Hello everyone, I'm a software developer interested in information retrieval. Currently I'm working on my 3rd search engine project and am VERY frustrated about the amount of boilerplate code that is written again and again, with the same bugs, etc.
Basic search engine is a very simple beast that could be described in a formal language consisting of two "layers":
"Layer of primitives" (or axioms, kernel language - don't know how to name them). They consist of several sets (as a set of resources - files, websites), relations on sets (as 'site A links to site B') and simple operations as 'open stream to resource A', 'read record from stream', 'merge N streams', 'index set of records by field F', etc. Also, there is a lot of data conversion, as 'save stream in YAML format', 'load stream from XML format', etc.

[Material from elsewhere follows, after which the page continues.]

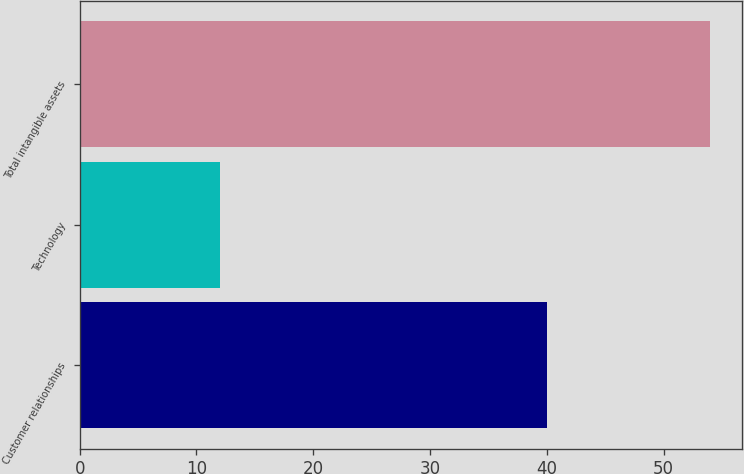Convert chart to OTSL. <chart><loc_0><loc_0><loc_500><loc_500><bar_chart><fcel>Customer relationships<fcel>Technology<fcel>Total intangible assets<nl><fcel>40<fcel>12<fcel>54<nl></chart> 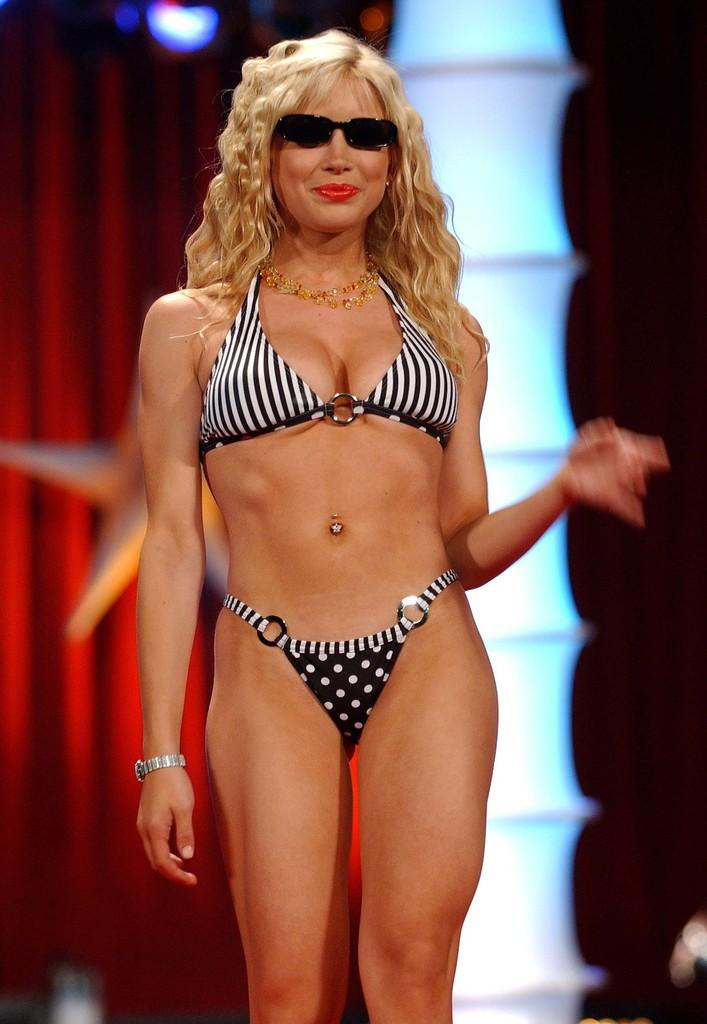Who is the main subject in the image? There is a woman in the image. Where is the woman located in the image? The woman is standing on a stage. What accessory is the woman wearing in the image? The woman is wearing spectacles. What can be seen in the background of the image? There is a red color curtain in the background of the image. How many cherries are on the woman's head in the image? There are no cherries present on the woman's head in the image. What type of heart-shaped object can be seen in the image? There is no heart-shaped object present in the image.

"Application layer" - several very high-level operations that form a search engine lifecycle, as 'harvest new resources', 'crawl harvested resources', 'merge crawled resources to the database', 'index crawled resources', 'merge indexes', etc. Every one of this high-level operations could be expressed in the terms of "primitives" from 1.
Such a high-level representation could be easily tested, maybe even proved formally, and implemented (or code-generated) in the programming language of choice.
So, the question: does anybody design systems in this way - formally, rigorously ( maybe even at the level of algebra/group theory), in the strict top-down approach? What can I read to learn about ?